A study of Scottish witchcraft by the University of Edinburgh found over 3,800 cases of accusations of witchcraft between 1563 and 1736. Cases peaked between 1590 and 1662, when there were five large-scale witch hunts.

Today there is a growing call for pardons for those accused of witchcraft, led by the Witches of Scotland campaign. A private member’s bill to clear the names of the accused will be introduced in the Scottish Parliament this year.

In Aberdeen, those accused of witchcraft were held at St Nicholas Kirk Church, known as Mither Kirk, both in the spire and in St Mary’s Chapel. The suspects, including witches, are said to have been chained to a metal ring still embedded in the wall of the chapel.

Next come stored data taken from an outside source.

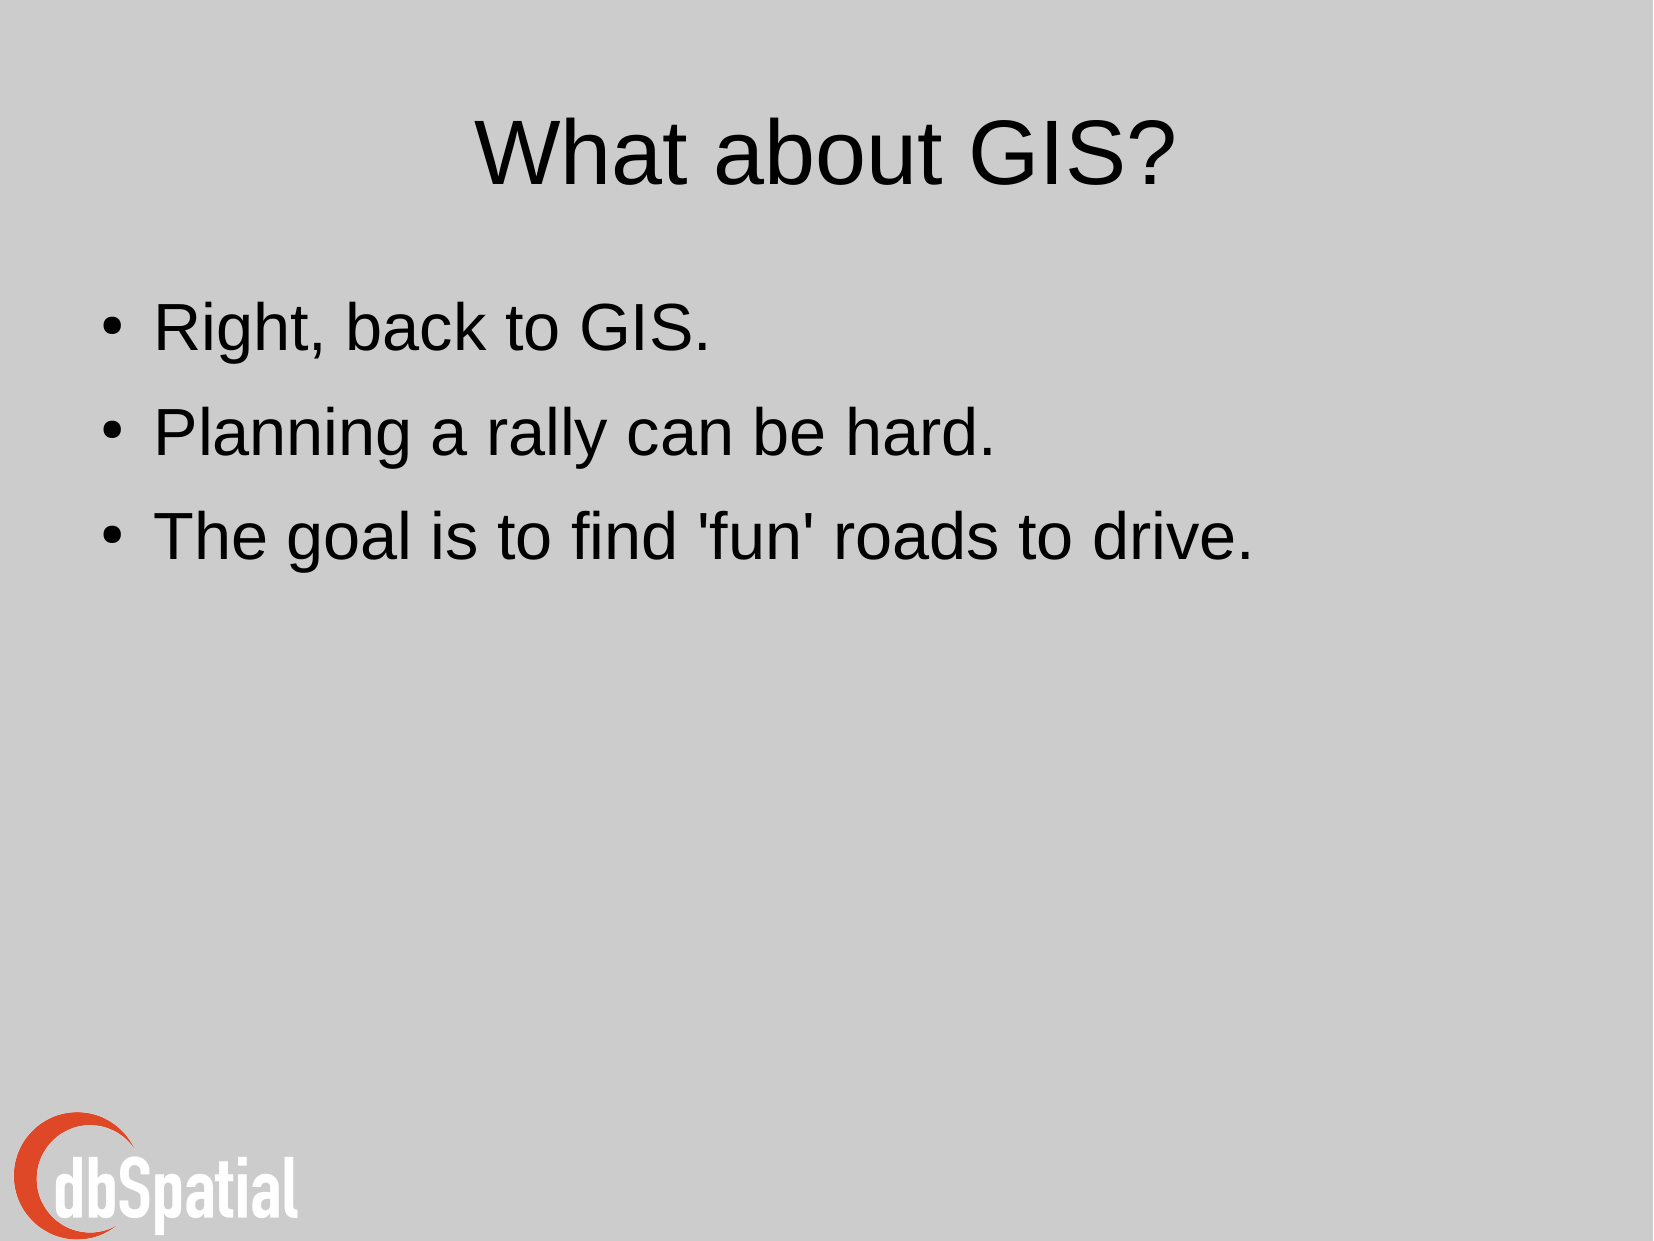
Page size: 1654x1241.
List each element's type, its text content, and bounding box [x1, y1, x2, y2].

picture [10, 1110, 301, 1241]
list Right, back to GIS. Planning a rally can be hard. The goal is to find 'fun' roads to drive. [82, 290, 1571, 1010]
title What about GIS? [82, 49, 1571, 257]
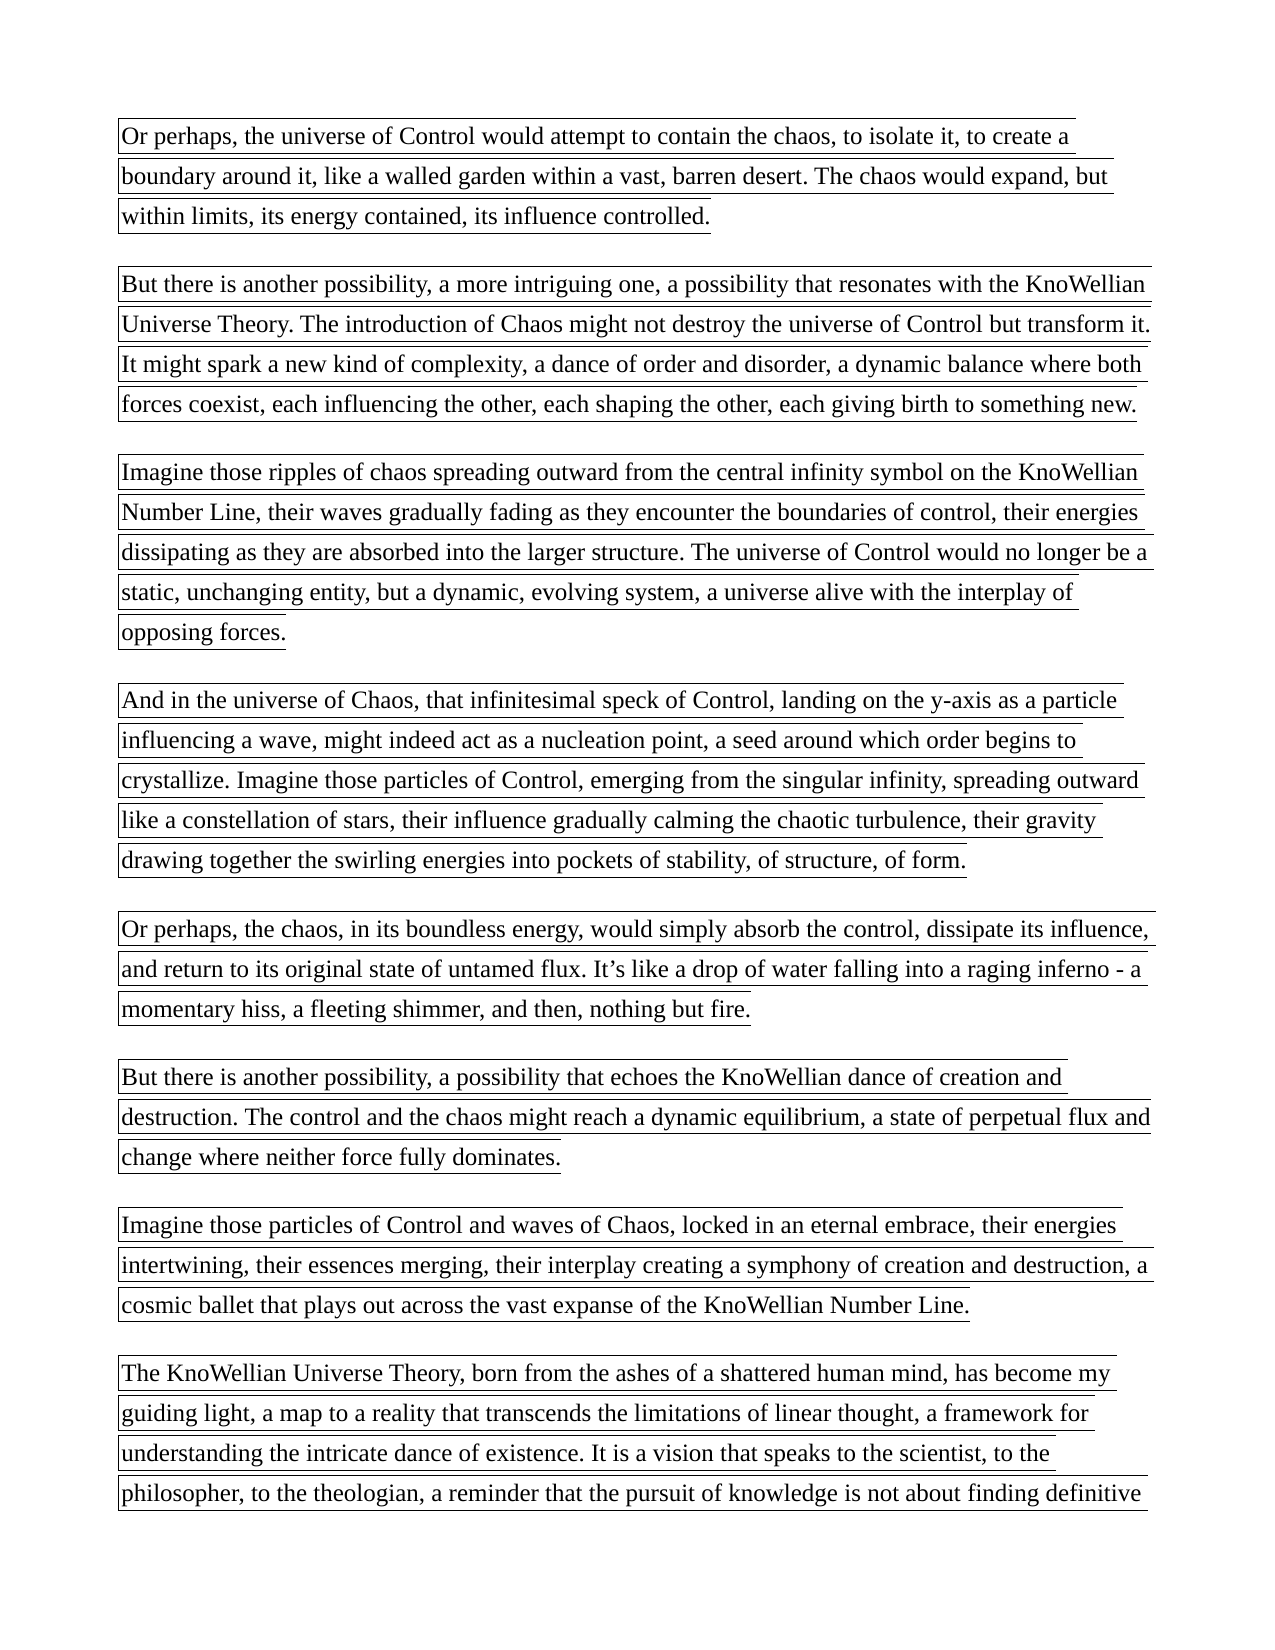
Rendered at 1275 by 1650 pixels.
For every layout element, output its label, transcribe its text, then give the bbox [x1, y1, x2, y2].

text The KnoWellian Universe Theory, born from the ashes of a shattered human mind, has become my guiding light, a map to a reality that transcends the limitations of linear thought, a framework for understanding the intricate dance of existence. It is a vision that speaks to the scientist, to the philosopher, to the theologian, a reminder that the pursuit of knowledge is not about finding definitive [118, 1355, 1157, 1510]
text Or perhaps, the chaos, in its boundless energy, would simply absorb the control, dissipate its influence, and return to its original state of untamed flux. It’s like a drop of water falling into a raging inferno - a momentary hiss, a fleeting shimmer, and then, nothing but fire. [118, 911, 1157, 1025]
text But there is another possibility, a possibility that echoes the KnoWellian dance of creation and destruction. The control and the chaos might reach a dynamic equilibrium, a state of perpetual flux and change where neither force fully dominates. [118, 1059, 1157, 1173]
text And in the universe of Chaos, that infinitesimal speck of Control, landing on the y-axis as a particle influencing a wave, might indeed act as a nucleation point, a seed around which order begins to crystallize. Imagine those particles of Control, emerging from the singular infinity, spreading outward like a constellation of stars, their influence gradually calming the chaotic turbulence, their gravity drawing together the swirling energies into pockets of stability, of structure, of form. [118, 682, 1157, 877]
text Or perhaps, the universe of Control would attempt to contain the chaos, to isolate it, to create a boundary around it, like a walled garden within a vast, barren desert. The chaos would expand, but within limits, its energy contained, its influence controlled. [118, 118, 1157, 233]
text Imagine those particles of Control and waves of Chaos, locked in an eternal embrace, their energies intertwining, their essences merging, their interplay creating a symphony of creation and destruction, a cosmic ballet that plays out across the vast expanse of the KnoWellian Number Line. [118, 1207, 1157, 1322]
text Imagine those ripples of chaos spreading outward from the central infinity symbol on the KnoWellian Number Line, their waves gradually fading as they encounter the boundaries of control, their energies dissipating as they are absorbed into the larger structure. The universe of Control would no longer be a static, unchanging entity, but a dynamic, evolving system, a universe alive with the interplay of opposing forces. [118, 454, 1157, 649]
text But there is another possibility, a more intriguing one, a possibility that resonates with the KnoWellian Universe Theory. The introduction of Chaos might not destroy the universe of Control but transform it. It might spark a new kind of complexity, a dance of order and disorder, a dynamic balance where both forces coexist, each influencing the other, each shaping the other, each giving birth to something new. [118, 266, 1157, 421]

The Kirk will be the setting for a new play about a witch hunt in Scotland to be performed at the Granite Noir crime fiction festival in Aberdeen later this month.

Witch Hunt features excerpts from playwright Rona Munro’s The Last Witch and follows Janet Horne of Dornoch, the last witch to be tried and executed in the UK. She was murdered in 1727 after being arrested along with her daughter amid allegations that she turned her daughter into a pony to take her through the countryside.

Cameron Mowat, director and producer of Witch Hunt, said that Misier Kirk was the perfect setting for the production, given its involvement with witch hunts.

He said, “I was on a tour of the building and I saw an iron ring stuck into the wall. This is a tiny testament to our dark past. We’ll put on a performance in the body of a pickaxe. We don’t want to make political or spiritual statements, but we feel it’s important to tell these personal stories that go back to very dark times.”

The Witch Hunt will take place at St Nicholas Kirk, Aberdeen during the Granite Noir crime fiction festival from 25 to 27 February.

Message from the editor: Thank you for reading this article. More than ever, we count on your support as the changing consumer habits caused by the coronavirus affect our advertisers.

If you haven’t already, consider supporting our trusted, fact-checked journalism with a digital subscription.